「’04年アテネ五輪の日本代表だったとき、彼が僕の投球を見て『どうやって投げるの』と聞いてきたので、握りと投げ方を教えた。ただそれだけです。教えたなんて、とんでもない」

 

そう語るのは、当時ロッテの守護神だった小林雅英(40・現ロッテ投手コーチ)だ。小林が武器としていたのは150キロ超の“高速シュート”だった。

 

「当時はツーシームではなくシュートと呼んでいました。一般的にシュートと呼ばれる球は手首を捻って投げることが多い。でも僕の投げ方はストレートと同じ。リリースのとき人差し指を押す感じでシュート回転する。僕のシュートは球速があったので、少しだけ動いてくれればバットの芯を外して打ち取れた。空振りや見逃し狙いではなく、打たせて取るボールでした」

 

投げることが難しい球種ではないが、簡単に操れる球ではないという。

 

「同じように投げても投手それぞれの個性があり変化の仕方が違う。安定した軌道、変化で投げられない投手もいる。だから僕が黒田に教えたといっても、それですぐ自分のボールにしたわけではなく、そこから彼なりの研究を相当に重ねているはず。だからあれだけの実績を残してこられたんです。フロントドアと呼ばれる左打者に対しての使い方ですが、これはメジャーでほかの投手のピッチングを研究したものでしょう。日本ではほとんど見ない使い方です。ただ、マダックスなんかは普通に投げていましたけどね」

 

黒田はもともとストレート主体でバッターを追い込み、三振を取るパワータイプの投手だった。
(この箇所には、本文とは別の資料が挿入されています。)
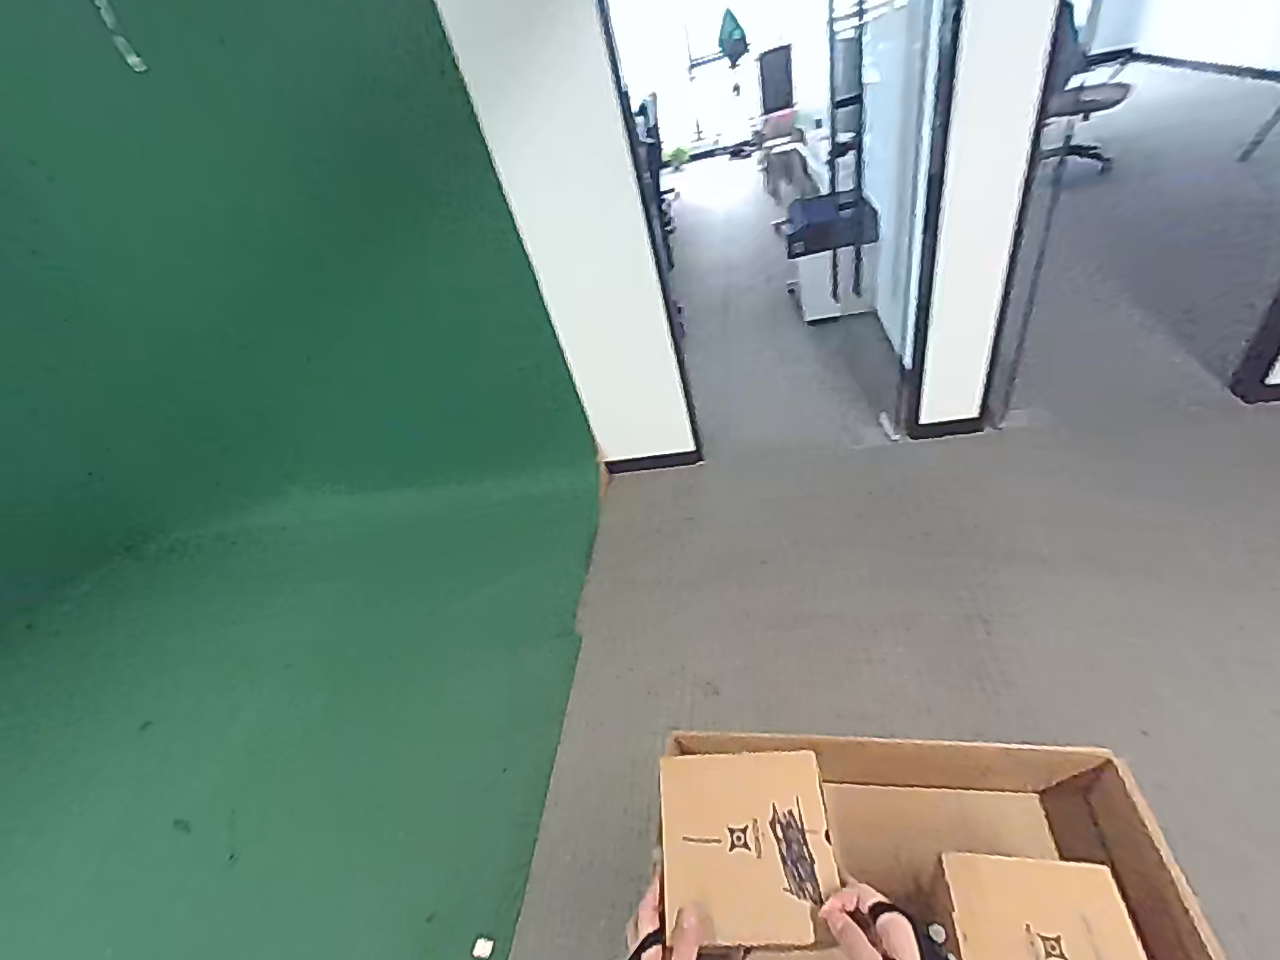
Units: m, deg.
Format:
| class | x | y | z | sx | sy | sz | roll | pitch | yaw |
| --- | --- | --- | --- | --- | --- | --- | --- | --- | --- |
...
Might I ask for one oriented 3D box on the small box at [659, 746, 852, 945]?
| class | x | y | z | sx | sy | sz | roll | pitch | yaw |
| --- | --- | --- | --- | --- | --- | --- | --- | --- | --- |
| small box | 0.115 | 0.414 | 0.611 | 0.179 | 0.176 | 0.168 | -5 | 48 | 4 |

しかしメジャーではツーシームをメインに“打たせて取る”スタイルにチェンジした。

 

「僕がツーシームを使い出したのは社会人時代。当時は金属バットが使えたので、少し甘いコースへいくと簡単に持っていかれてしまう。そこでこの球を身につけた。黒田の場合も同じで、パワーのあるメジャーのバッターに対抗するため、ツーシームを徹底的に磨いたはずです。また、先発は日本より投球間隔が短いこともあり、少しでも球数を減らす目的もあったと思います。三振を狙うより、1球で結果(アウト)の出るツーシームを使ったほうが球数は少なくなり、体への負担は小さくなる。それが“ストライクゾーンで勝負できる球”ツーシームなんです」

 

厳しい環境で生き残るために――2人の適応力が、各々の魔球=ツーシームを磨き上げたのである。